- Equations 30 and 31 should read as follows: $\setCounter{29}$
\begin{eqnarray}
\int_a^{x_0-\epsilon} \frac{f(x)}{(x-x_0)^{n+1}}\mbox{d}x &=& -\sum_{k=0}^{n-1} \frac{f^{(k)}(x_0)}{k!(n-k)} \left(\frac{1}{(-\epsilon)^{n-k}} – \frac{1}{(a-x_0)^{n-k}}\right) \nonumber \\
&& + \frac{f^{(n)}(x_0)}{n!} \left(\ln \epsilon – \ln(x_0-a)\right)\nonumber \\
&& + \sum_{k=n+1}^{\infty} \frac{f^{(k)}(x_0)}{k!(k-n)} \left((-\epsilon)^{k-n}-(a-x_0)^{k-n}\right)
\end{eqnarray}\begin{eqnarray}
\int_{x_0+\epsilon}^b \frac{f(x)}{(x-x_0)^{n+1}}\mbox{d}x &=& -\sum_{k=0}^{n-1} \frac{f^{(k)}(x_0)}{k!(n-k)} \left(\frac{1}{(b-x_0)^{n-k}} – \frac{1}{\epsilon^{n-k}}\right) \nonumber \\
&& + \frac{f^{(n)}(x_0)}{n!} \left(\ln (b-x_0) – \ln\epsilon\right)\nonumber \\
&& + \sum_{k=n+1}^{\infty} \frac{f^{(k)}(x_0)}{k!(k-n)} \left((b-x_0)^{k-n}-\epsilon^{k-n}\right)

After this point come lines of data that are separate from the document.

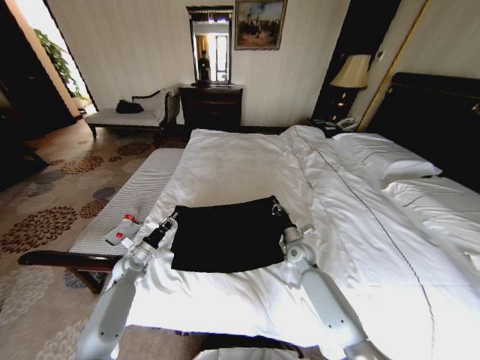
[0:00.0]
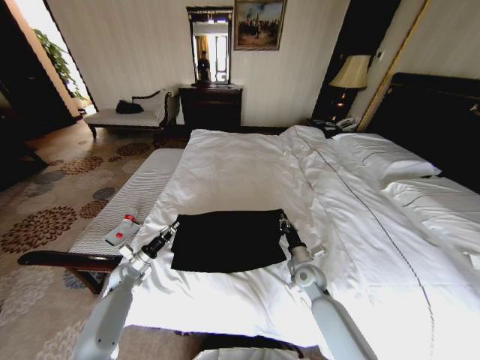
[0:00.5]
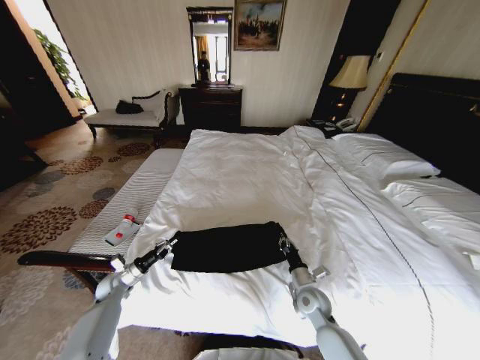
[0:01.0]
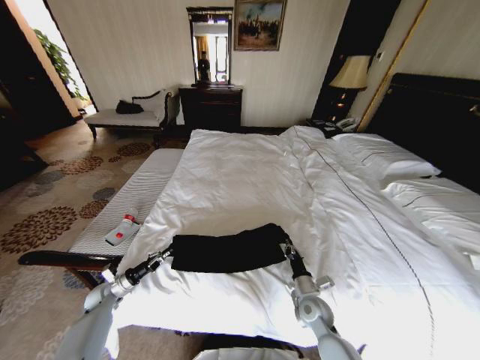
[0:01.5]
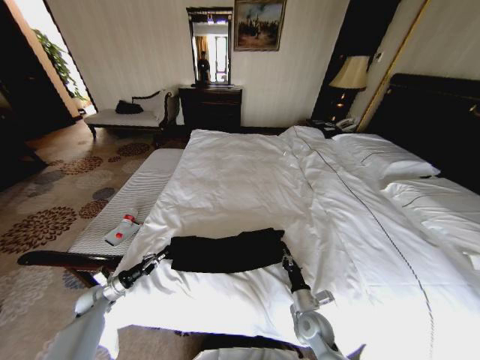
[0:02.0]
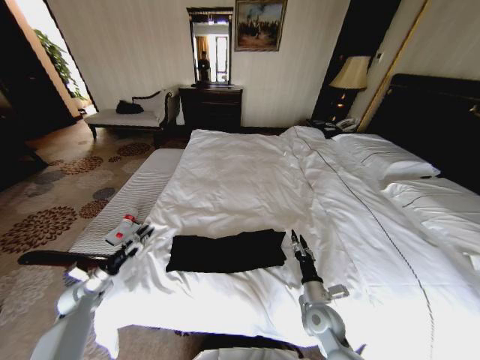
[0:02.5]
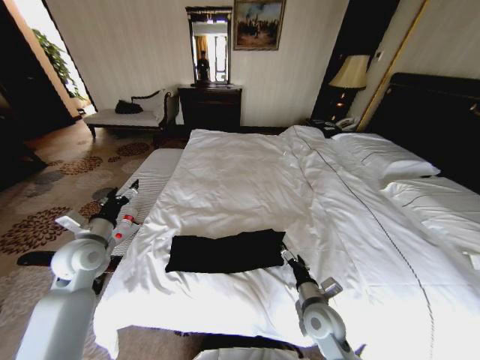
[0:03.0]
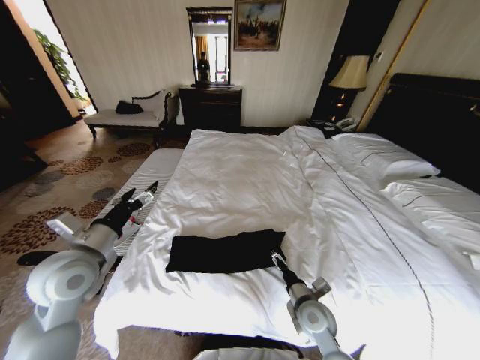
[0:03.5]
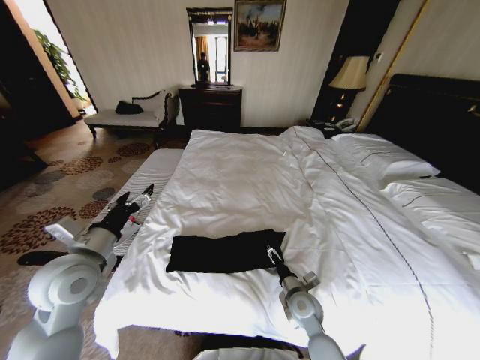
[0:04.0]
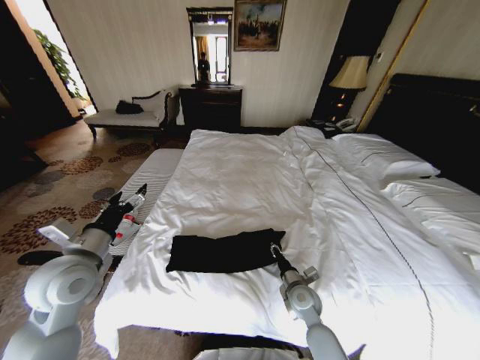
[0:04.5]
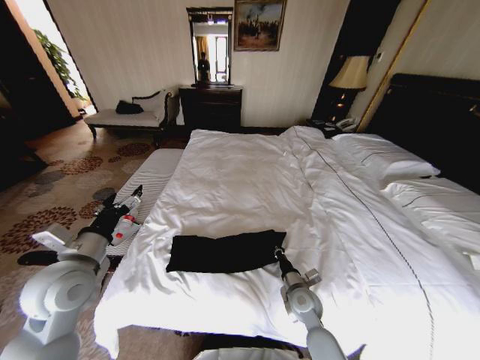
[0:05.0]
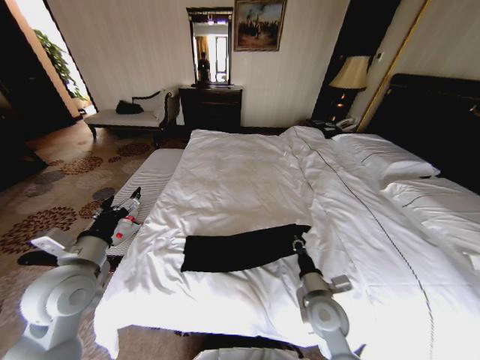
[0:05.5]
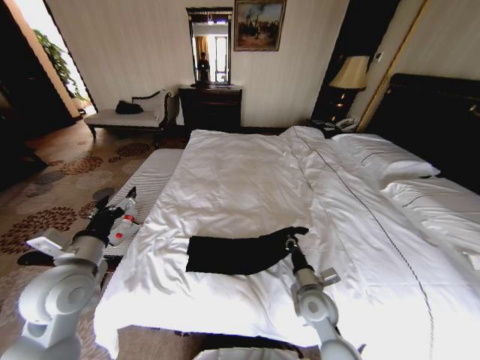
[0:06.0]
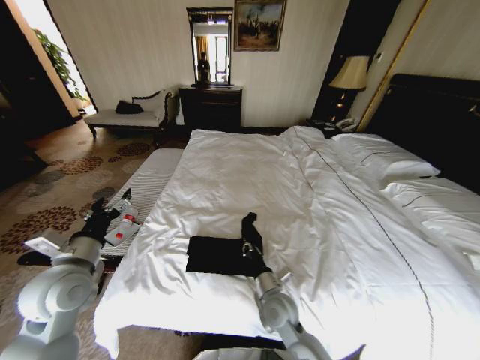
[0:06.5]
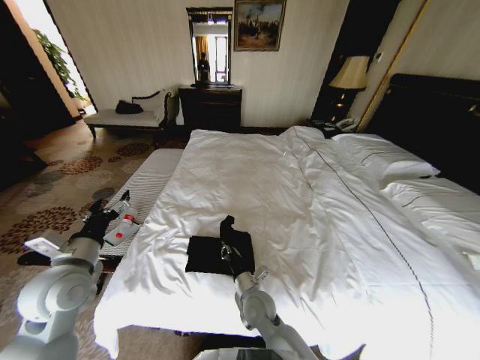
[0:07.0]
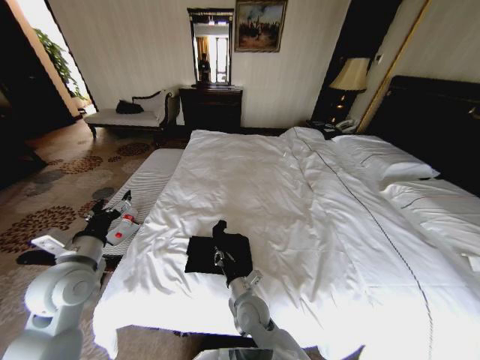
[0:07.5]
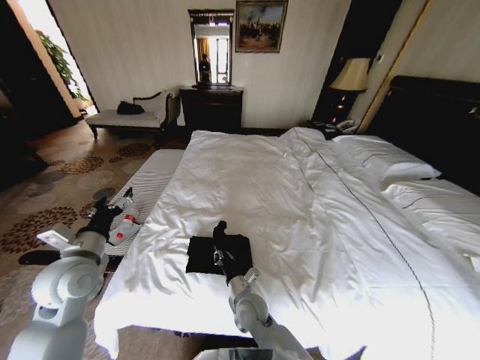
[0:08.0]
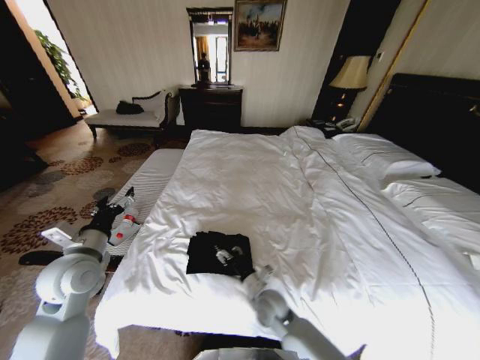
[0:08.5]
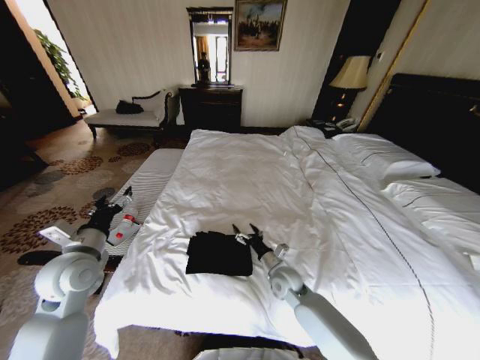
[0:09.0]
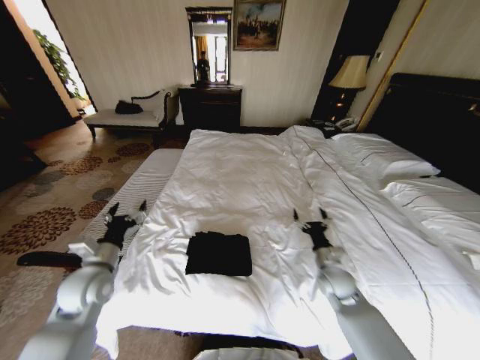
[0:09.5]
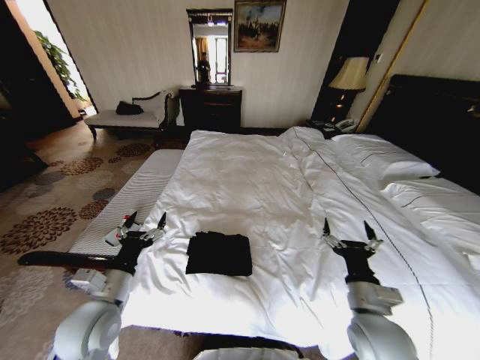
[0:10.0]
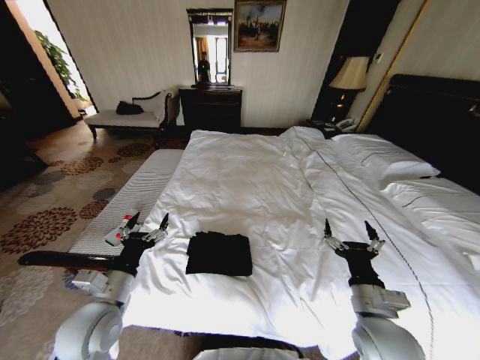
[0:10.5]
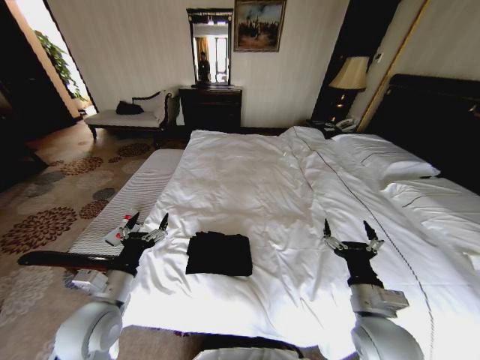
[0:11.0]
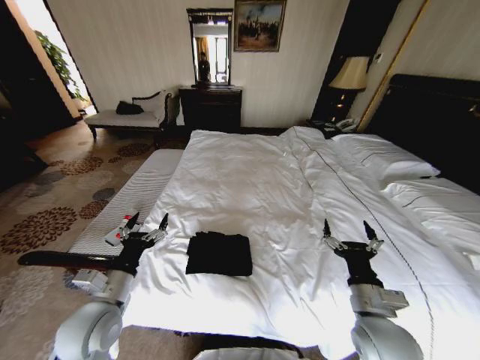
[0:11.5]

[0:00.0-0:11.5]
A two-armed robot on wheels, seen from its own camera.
Task of the whole recording: Fold the clothes on the bed.
0:00.0 to 0:02.0: The right gripper is displaced backward by some 20 cm. The left gripper heads to the left, backward and downward, covering roughly 15 cm.
0:02.0 to 0:04.0: The right gripper moves upward, roughly 5 cm, and opens its fingers. Meanwhile the left gripper goes some 35 cm upward and to the right, and opens.
0:04.0 to 0:06.0: The right gripper travels upward by roughly 5 cm, and closes.
0:06.0 to 0:07.5: The right gripper goes roughly 15 cm to the left.
0:07.5 to 0:09.5: The left gripper heads downward, covering some 5 cm. The right gripper travels to the right by some 25 cm, and opens its fingers.
0:09.5 to 0:11.5: The right gripper moves backward and upward, roughly 20 cm. Meanwhile the left gripper heads backward and to the right, covering some 10 cm.

\end{eqnarray}In the original paper, the correct index $(k-n)$ in the third terms of the right-hand sides of equations 30 and 31 was erroneously encoded as $(n-k)$. The post has been appropriately updated.
Thanks to Avram Guiterrez, Kenneth Jhon Remo and Aster Niel Abellano (PUP student-OJTs) for pointing out this typographical error.
- The signs in equations (25), (26) and (28) have been inadvertently interchanged. They should read $\setCounter{24}$
\begin{equation}\label{boundary1}
\Phi^{+}(x_0)= \#\!\!\!\int_a^b \frac{f(x)}{(x-x_0)^{n+1}} \mbox{d}x + i \pi \frac{f^{(n)}(x_0)}{n!} .
\end{equation}\begin{equation}\label{boundary2}
\Phi^{-}(x_0)= \#\!\!\!\int_a^b \frac{f(x)}{( x-x_0)^{n+1}} \mbox{d}x – i \pi \frac{f^{(n)}(x_0)}{n!} ,
\end{equation}
$\setCounter{27}$\begin{eqnarray}
\Phi^{\pm}(x_0)=\mathrm{Int}^{\mp}(x_0) .
\end{eqnarray}